The preservation of this culture and its order was predicated on a cultures ability to retain this language, which they called nomos. In Greek nomos means “law” and refers to the structural ordering of experience, specifically relating to daily living and normative activities. Religion was simply an institutional vehicle that served as a way of preserving and perpetuating nomos, or social order and law. The nomos provided explanations and resolutions in the face of anomos, or chaos, conflict and turmoil. The individual appealed to this collective social law for explaining and handling problems arising in their conscious experience that was outside their ability to resolve themselves. In this way individuals sought the advice of the priests or prophets who knew the oral or written tradition exquisitely and offered their personal or propaedeutic interpretations– interpretations that would be absorbed into the tradition for later consultation, much like a contemporary judge’s ruling becomes canonical common law.

Language is all important. The limits of your language dictate the limits of your world.

Man is not made in the image of god: God is made in the image of man. “In the beginning was the word and the word was with god and the word was god.” (John 1:1) Interestingly, ‘word’ here is Gk. logos derived from the Proto-Indo-European word *leg- meaning “to collect, bind, gather”. The word ‘religion’ is a combination of the words re- “again” + lego “choose, gather” or “I go over or go through again in reading, speech, thought, read, relate or recite again, revise, recount”. In this way we see the intimate connection between repetition in binding words to the mind in order to create a consistent world view, a structured ordering of experience. Religion is the institution charged with the preservation and diffusion of a language via enculturation. Throughout history religious institutions have been replaced by various community organizations and governing bodies, most notably Academic institutions that actively inquire about the world with a more precise and thoughtful methodology.

On an interesting side note, the first institution of higher learning, Plato’s Academy, was established in the olive gardens on the temple grounds of Athena, the goddess of wisdom. It is no coincidence that the first school of philosophy– the love of wisdom– and the first institution of higher learning (beyond the gymnasium) was affiliated with the cult of Athena. The Academy derives its name from the legendary Greek Attic hero Akadamos who defected to the aid of the Tyndarid’s Castor and Pollux when they invaded Attica to liberate their sister Helen. As a result, the Lacedaemonians devoted a plane of land in homage to Akadamos planted with Olive trees in the spot where he revealed to the Divine twins where Thesus had hidden Helen of Troy. This plot of land was located just outside the walls of Athens and was later the site where Athena’s temple stood throughout the Bronze Age.

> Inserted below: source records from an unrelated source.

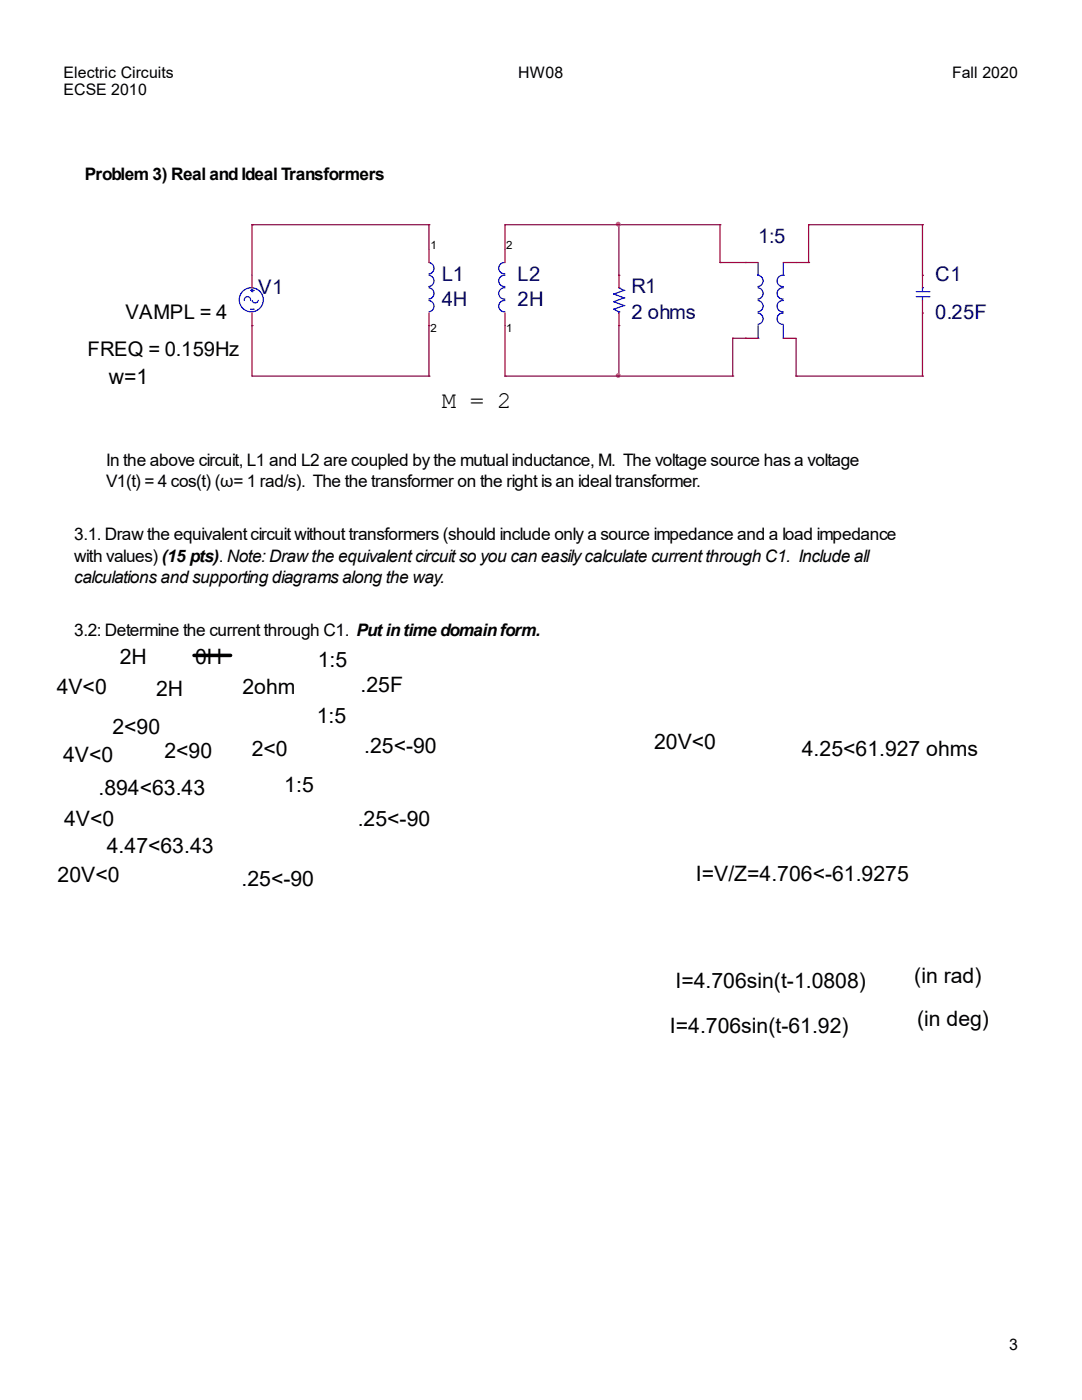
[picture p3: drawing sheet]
<svg xmlns="http://www.w3.org/2000/svg" width="216mm" height="279mm" viewBox="0 0 216 279" stroke-linecap="round" stroke-linejoin="round" font-family="sans-serif">
<defs><g id="words">
<text font-size="4.8" x="88.1" y="81.4">M = 2</text>
<g font-size="4.2">
<text x="21.7" y="76.7">w=1</text>
<text x="23.9" y="132.5">2H</text>
<text x="38.9" y="132.5">0H</text>
<text x="63.4" y="133.1">1:5</text>
<text x="11.3" y="138.4">4V&lt;0</text>
<text x="31.1" y="138.8">2H</text>
<text x="48.4" y="138.4">2ohm</text>
<text x="71.9" y="138.1">.25F</text>
<text x="22.4" y="146.4">2&lt;90</text>
<text x="63.2" y="144.4">1:5</text>
<text x="130.5" y="149.6">20V&lt;0</text>
<text x="12.6" y="152">4V&lt;0</text>
<text x="32.8" y="151.2">2&lt;90</text>
<text x="50.2" y="150.9">2&lt;0</text>
<text x="72.7" y="150.3">.25&lt;-90</text>
<text x="160" y="150.9">4.25&lt;61.927 ohms</text>
<text x="19.7" y="158.7">.894&lt;63.43</text>
<text x="56.7" y="158.1">1:5</text>
<text x="12.8" y="164.8">4V&lt;0</text>
<text x="71.4" y="164.8">.25&lt;-90</text>
<text x="21.3" y="170.2">4.47&lt;63.43</text>
<text x="11.5" y="176.1">20V&lt;0</text>
<text x="48.2" y="176.8">.25&lt;-90</text>
<text x="138.9" y="175.9">I=V/Z=4.706&lt;-61.9275</text>
<text x="134.8" y="197.2">I=4.706sin(t-1.0808)</text>
<text x="182.4" y="196.1">(in rad)</text>
<text x="133.7" y="206.1">I=4.706sin(t-61.92)</text>
<text x="183" y="204.8">(in deg)</text>
</g>
<g font-size="4" fill="#000080">
<text x="151.3" y="48.4">1:5</text>
<text x="51.5" y="58.8">V1</text>
<text x="88.1" y="56">L1</text>
<text x="103.3" y="56">L2</text>
<text x="126" y="58.5">R1</text>
<text x="186.6" y="56">C1</text>
<text x="88.1" y="61">4H</text>
<text x="103.3" y="61">2H</text>
<text x="126" y="63.6">2 ohms</text>
<text x="186.6" y="63.6">0.25F</text>
</g>
<g font-size="4">
<text x="25" y="63.6">VAMPL = 4</text>
<text x="17.4" y="71.1">FREQ = 0.159Hz</text>
</g>
<g font-size="3.4">
<text x="16.9" y="36">Problem 3) Real and Ideal Transformers</text>
<text x="21.2" y="93">In the above circuit, L1 and L2 are coupled by the mutual inductance, M. The voltage source has a voltage</text>
<text x="21.2" y="97.3">V1(t) = 4 cos(t) (ω= 1 rad/s). The the transformer on the right is an ideal transformer.</text>
<text x="14.8" y="107.9">3.1. Draw the equivalent circuit without transformers (should include only a source impedance and a load impedance</text>
<text x="14.8" y="112.1">with values) (15 pts). Note: Draw the equivalent circuit so you can easily calculate current through C1. Include all</text>
<text x="14.8" y="116.3">calculations and supporting diagrams along the way.</text>
<text x="14.8" y="126.9">3.2: Determine the current through C1. Put in time domain form.</text>
</g>
<g font-size="3.2">
<text x="12.7" y="15.5">Electric Circuits</text>
<text x="103.4" y="15.5">HW08</text>
<text x="190" y="15.5">Fall 2020</text>
<text x="12.7" y="19.1">ECSE 2010</text>
<text x="201.4" y="269.5">3</text>
</g>
<g font-size="2.3">
<text x="85.9" y="49.7">1</text>
<text x="101" y="49.7">2</text>
<text x="85.9" y="66.3">2</text>
<text x="101" y="66.3">1</text>
</g>
</g></defs>
<path d="M17.2 42.3v40.5h179.9v-40.2h-180.2" fill="none" stroke="#fff" stroke-width=".79"/>
<g fill="none" stroke="#00f" stroke-width=".24">
<path d="M50 59.9a.63 .63 0 0 0-.6-.7 .63 .63 0 0 0-.6 .8M50 58h.5M50.3 58.2h.1M50.3 57.7v.5M50.5 58h.1M51.5 59.9a.63 .63 0 0 1-.6 .6 .63 .63 0 0 1-.6-.5M85.6 54.9a1.13 1.13 0 0 1 1 1.2 1.13 1.13 0 0 1-1 1.1M85.6 60a1.13 1.13 0 0 1 1 1.1 1.13 1.13 0 0 1-1 1.1M85.6 52.4a1.15 1.15 0 0 1 1 1.2 1.15 1.15 0 0 1-1 1.1M85.6 57.4a1.13 1.13 0 0 1 1 1.2 1.13 1.13 0 0 1-1 1.1M100.8 57.4a1.13 1.13 0 0 0-1.3 1.2 1.13 1.13 0 0 0 1.2 1.1M100.8 54.9a1.13 1.13 0 0 0-1.3 1.2 1.13 1.13 0 0 0 1.2 1.1"/>
<path d="M100.8 52.4a1.13 1.13 0 0 0-1.3 1.1 1.13 1.13 0 0 0 1.2 1.1M100.8 60a1.13 1.13 0 0 0-1.3 1.1 1.13 1.13 0 0 0 1.2 1.1M122.5 58.7h.1M122.5 58.7l2 .7M123.5 57.4h.1M123.5 57.4l1 .6M124.5 59.4l-2 .8M124.5 58l-2 .7M124.5 59.4h.1M124.5 58h.1M151.3 57.4a1.13 1.13 0 0 1 1 1.2 1.13 1.13 0 0 1-1.1 1.1M151.3 60a1.13 1.13 0 0 1 1 1.1 1.13 1.13 0 0 1-1.1 1.1"/>
<path d="M151.3 54.9a1.13 1.13 0 0 1 1 1.2 1.13 1.13 0 0 1-1.1 1.1M151.3 54.9h.1M151.3 52.4v2.5M156.3 60a1.13 1.13 0 0 0-1.2 1.1 1.13 1.13 0 0 0 1.2 1.1M156.3 54.9a1.13 1.13 0 0 0-1.2 1.2 1.13 1.13 0 0 0 1.2 1.1M156.3 57.4a1.13 1.13 0 0 0-1.2 1.2 1.13 1.13 0 0 0 1.2 1.1M156.3 54.9h.1M156.3 52.4v2.5M182.8 59.2h2.6M182.8 58.2h2.6M184.1 57.4h.1M184.1 59.2h.1"/>
<path d="M184.1 57.4v.8M184.1 59.2v.8M185.4 59.2h.1M185.4 58.2h.1M50 61.7h.5M50.5 61.7h.1M122.5 61.7l1 .5M122.5 61.7h.1M122.5 60.2h.1M122.5 60.2l2 .8M123.5 62.2h.1M123.5 62.2v.3"/>
<path d="M124.5 61l-2 .7M124.5 61h.1M151.3 62.5a1.13 1.13 0 0 1 1 1.1 1.13 1.13 0 0 1-1.1 1.1M151.3 67.5h.1M151.3 65v2.5M156.3 62.5a1.13 1.13 0 0 0-1.2 1.1 1.13 1.13 0 0 0 1.2 1.1M156.3 67.5h.1M156.3 65v2.5"/>
<circle cx="50.1" cy="59.8" r="2.4"/>
</g>
<g fill="none" stroke="#f00" stroke-width=".24">
<path d="M50.3 54.9v2.5M85.6 49.9v2.5M100.8 49.9v2.5M123.5 54.9v2.5M148.8 52.4h2.5M156.3 52.4h2.5M184.1 54.9v2.5M184.1 60v2.5M50.3 62.5v2.5M85.6 62.5v2.5M100.8 62.5v2.5M123.5 62.5v2.5"/>
<path d="M148.8 67.5h2.5M156.3 67.5h2.5"/>
</g>
<g fill="none" stroke="#800040" stroke-width=".24">
<path d="M50.3 44.8h.1M50.3 44.8v10.1M50.3 44.8h35.3M85.6 44.8h.1M85.6 44.8v5.1M100.8 44.8h.1M100.8 44.8v5.1M123.5 44.8h.1M123.5 54.9h.1M123.5 44.8v10.1M143.7 44.8h-42.9M143.7 44.8h.1"/>
<path d="M143.7 52.4h.1M143.7 52.4h5.1M143.7 44.8v7.6M148.8 52.4h.1M158.8 52.4h2.5M161.3 44.8h22.8M161.3 52.4h.1M161.3 44.8h.1M161.3 44.8v7.6M184.1 54.9h.1M184.1 44.8h.1M184.1 44.8v10.1"/>
<path d="M50.3 65h.1M50.3 65v10.1h35.3M85.6 65h.1M85.6 65v10.1M85.6 75.1h.1M100.8 75.1h.1M100.8 65v10.1M123.5 75.1h.1M123.5 65h.1M123.5 65v10.1M146.2 75.1h.1M146.2 67.5h.1"/>
<path d="M146.2 67.5h2.6M146.2 67.5v7.6M146.2 75.1h-45.4M148.8 67.5h.1M158.8 75.1h.1M158.8 75.1h25.3M158.8 67.5v7.6M184.1 62.5h.1M184.1 75.1h.1M184.1 62.5v12.6"/>
</g>
<g fill="#f0f" stroke="#f0f" stroke-width=".24">
<circle cx="123.4" cy="44.7" r=".37"/>
<circle cx="123.4" cy="74.9" r=".37"/>
</g>
<path d="M38.7 130.8h7.3" fill="none" stroke="#000" stroke-width=".7"/>
<use href="#words"/>
</svg>

Through this brief sketch I hope it becomes obvious of the potential trappings of cultural institutions like religion. As their perfunctory duty to society, they seek to preserve the status quo, to present man to himself through a slanted portrait of the past. In a “stable” society the only people who can offer legitimate interpretations are those in positions of authority, i.e. priests, professors, professionals, politicians or any other title. Every so often a prophet arises from the herd and expresses the collective opinion in a fell swoop of the pen or brush or voice. These are the artists, the leaders, the creators, the visionaries– all subversive forces of established authority, all necessary agents of evolution and change. These are the disestablishmentarianists, the revolutionaries, the rebels, the terrorists. They are impelled to express the change they see around them, to lead the blind into the light. They are called by nature to tip the scales in favor of progress, despite the howls from stagnating pools of thought and undeterred by the biting guilt of defection, of desecrating antiquated tradition and custom.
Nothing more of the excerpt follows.